Details of the impact
We now present evidence for research cited in s2 and s3 to show impact in
the development of new software and hardware technologies that have
delivered commercial and economic benefits, with examples cited for two
companies. The first demonstrates very specific impact within the original
industrial sector; the second shows that the impact has extended beyond
the original domain.
The understanding of process simulation for reflow soldering was utilized
within a research contract with Datapaq Ltd, leading to a new product
offering that has seen significant success [5.1]. Datapaq's Rapid
Oven Setup (ROS) currently enjoys sales of around 700 units per annum, of
which 90% are exported. Datapaq is the market leader in Europe, with
substantial market shares in China, the USA and SE Asia [5.2].
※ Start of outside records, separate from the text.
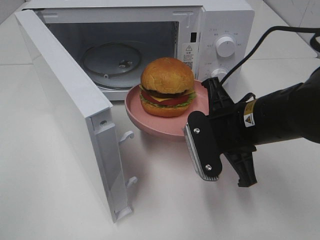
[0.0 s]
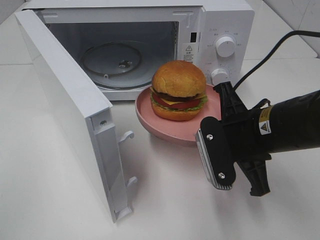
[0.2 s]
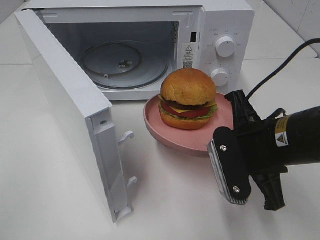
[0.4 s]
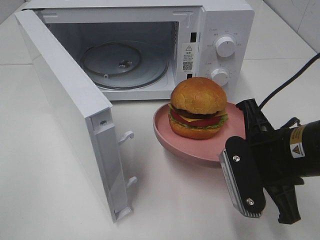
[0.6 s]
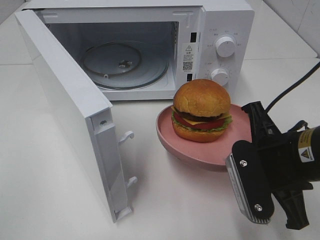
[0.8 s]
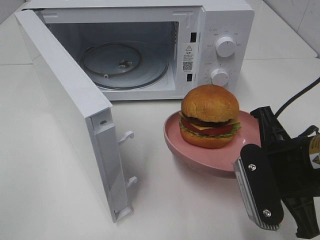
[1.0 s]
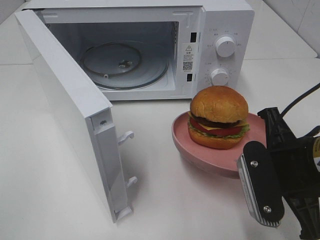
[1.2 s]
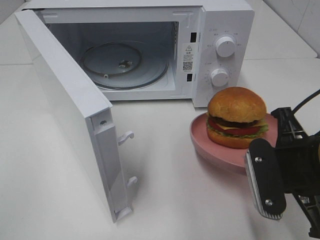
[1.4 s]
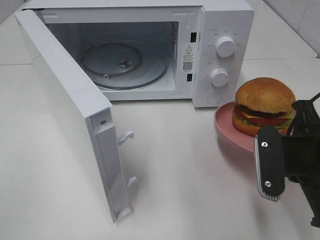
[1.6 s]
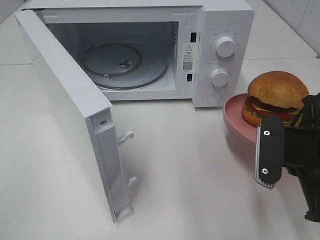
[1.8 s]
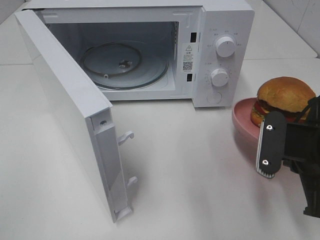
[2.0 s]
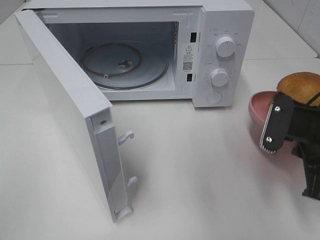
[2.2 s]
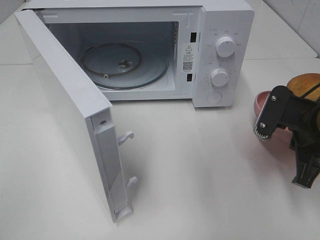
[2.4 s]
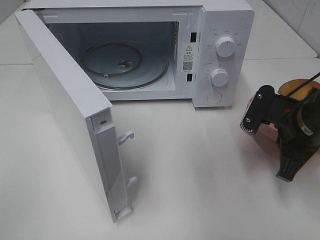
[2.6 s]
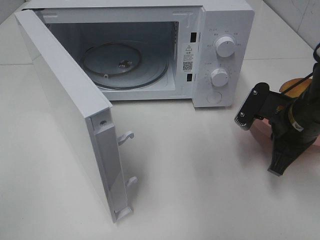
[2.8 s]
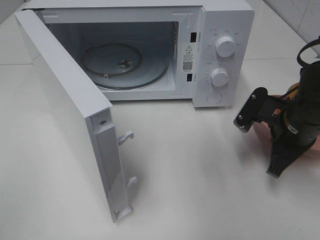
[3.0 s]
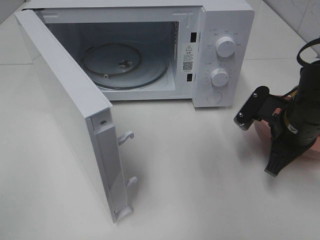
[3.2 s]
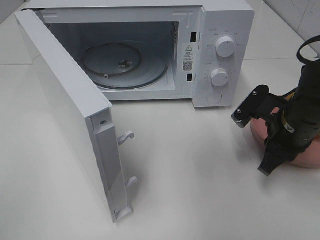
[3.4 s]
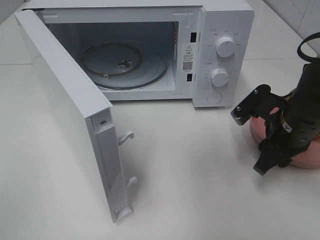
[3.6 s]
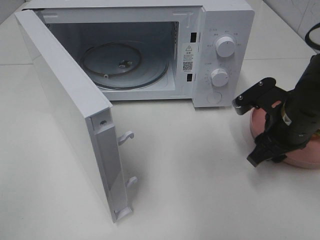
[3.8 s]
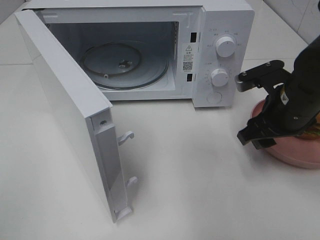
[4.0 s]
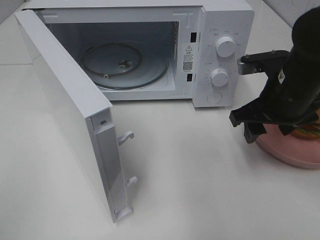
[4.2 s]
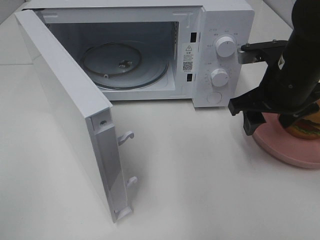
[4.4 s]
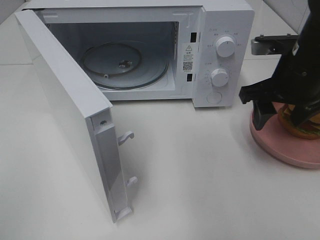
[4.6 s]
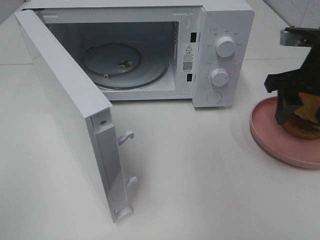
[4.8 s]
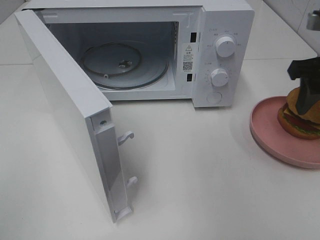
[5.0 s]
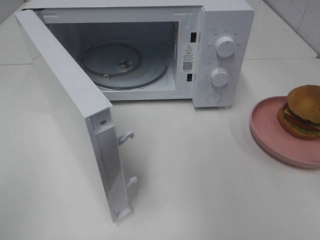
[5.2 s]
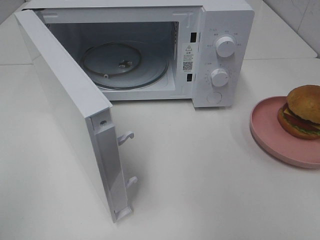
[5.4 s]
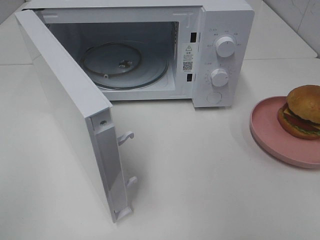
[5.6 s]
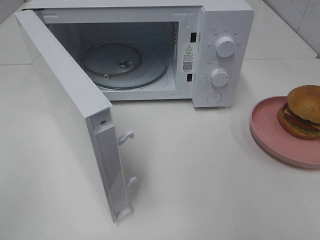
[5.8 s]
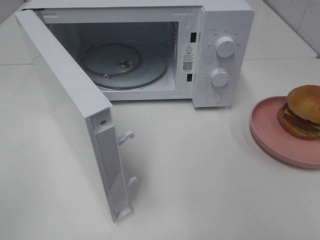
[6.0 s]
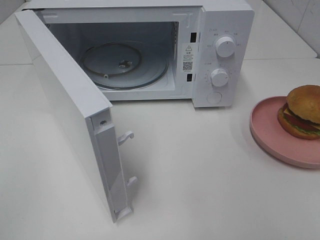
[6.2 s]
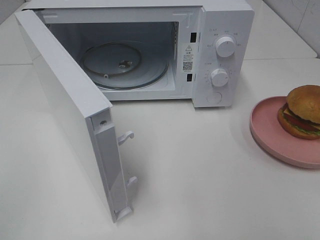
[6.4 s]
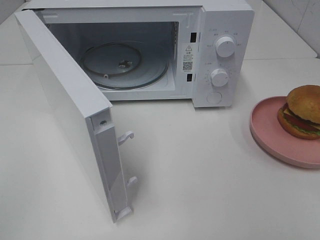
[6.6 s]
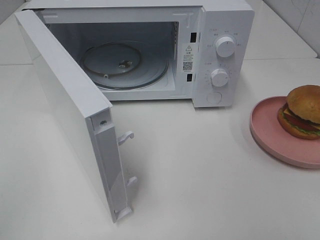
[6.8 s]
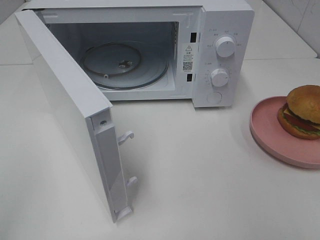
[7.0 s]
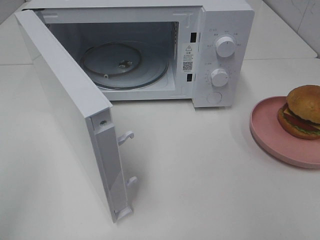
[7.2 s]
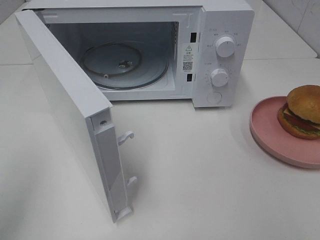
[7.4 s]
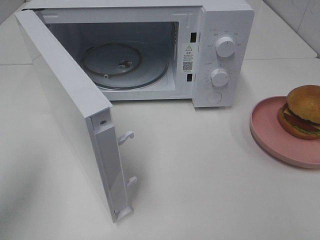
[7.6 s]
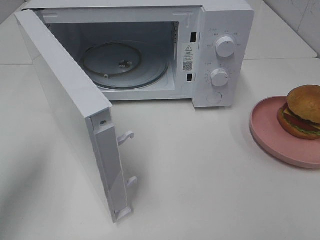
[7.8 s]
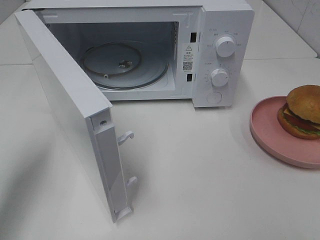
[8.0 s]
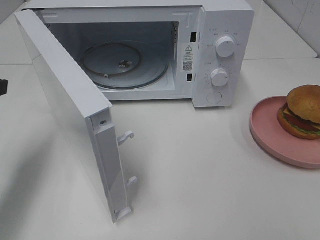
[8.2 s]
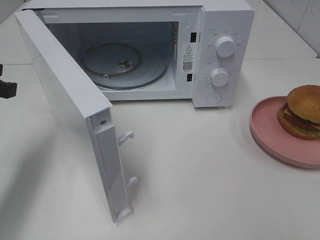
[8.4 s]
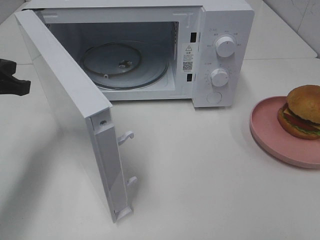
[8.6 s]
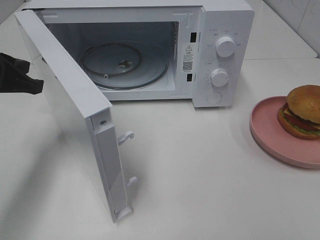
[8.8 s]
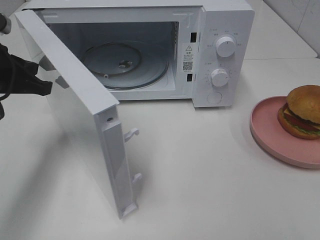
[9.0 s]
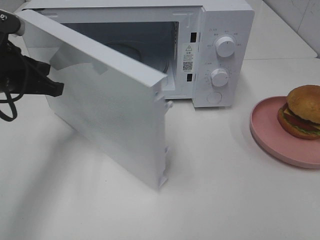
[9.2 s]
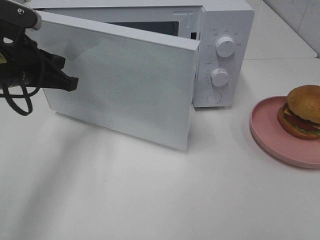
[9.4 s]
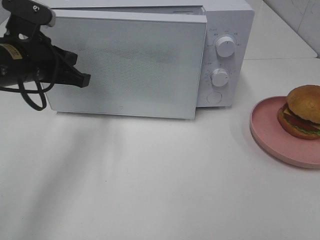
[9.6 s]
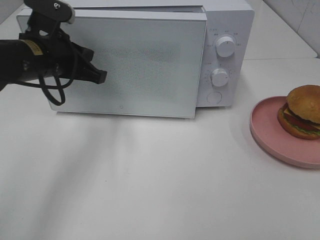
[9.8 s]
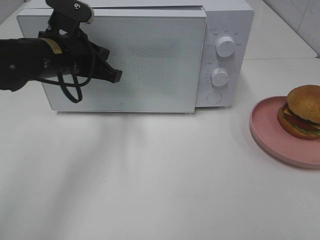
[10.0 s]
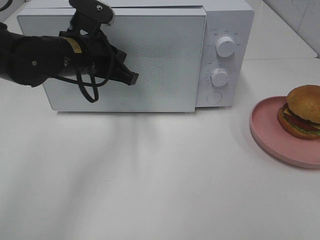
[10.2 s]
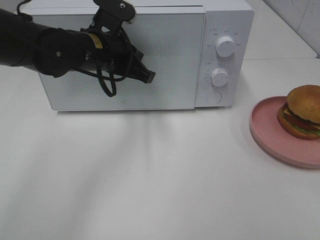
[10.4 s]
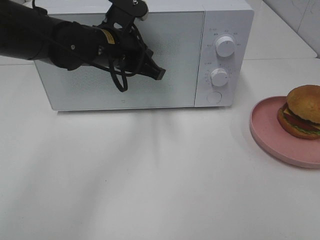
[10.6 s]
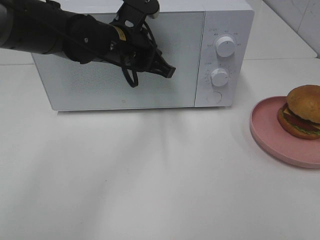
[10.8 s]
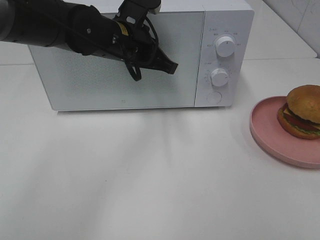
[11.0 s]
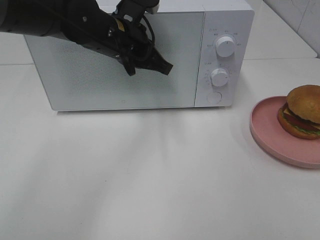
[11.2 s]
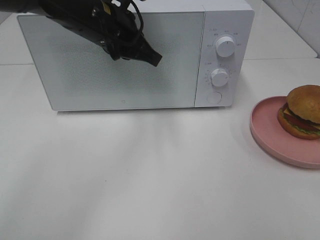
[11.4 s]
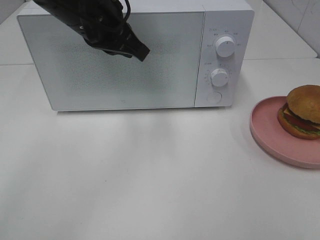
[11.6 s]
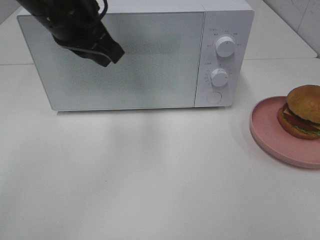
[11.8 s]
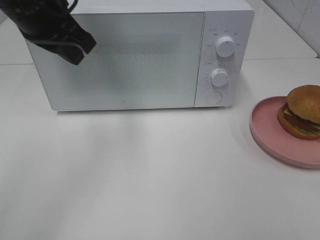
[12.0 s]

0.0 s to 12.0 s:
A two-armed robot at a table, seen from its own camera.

Datapaq is a process data logging company, selling hardware with
associated software to visualise and analyse acquired data. This project
extended their offering with a software tool (ROS) that provides a
predictive capability for a given process and a methodology utilising a
characterisation artefact (Heat Transfer Sensor (HTS)) that enables
automatic process model creation. Loughborough developed the algorithms,
simulation techniques and methodologies for automated model creation and
calibration, along with designing the prototype HTS [3.1, 3.4 &
The reflow soldering of printed circuit boards (PCBs) is a key step in
the manufacturing of electronics. PCBs vary in cost from a few pence to
tens of thousands of pounds, with the more expensive boards playing
safety-critical roles in, for example, aviation. Improving control of the
ovens used for reflow soldering reduces failure rates, benefitting the
industry, its customers and end-users.
For each new product or solder paste introduced the reflow settings have
to be optimised. This is traditionally a time consuming process, but ROS
automates it quickly, easily and accurately by calculating the optimum
settings for any combination of oven, product and target profile. ROS also
reads CAD files, automatically producing detailed PCB thermal models. By
using Datapaq's HTS to measure the specific oven performance, the ROS tool
can ensure the optimum profile is found, thereby reducing scrap and saving
time and money. It works on all reflow ovens.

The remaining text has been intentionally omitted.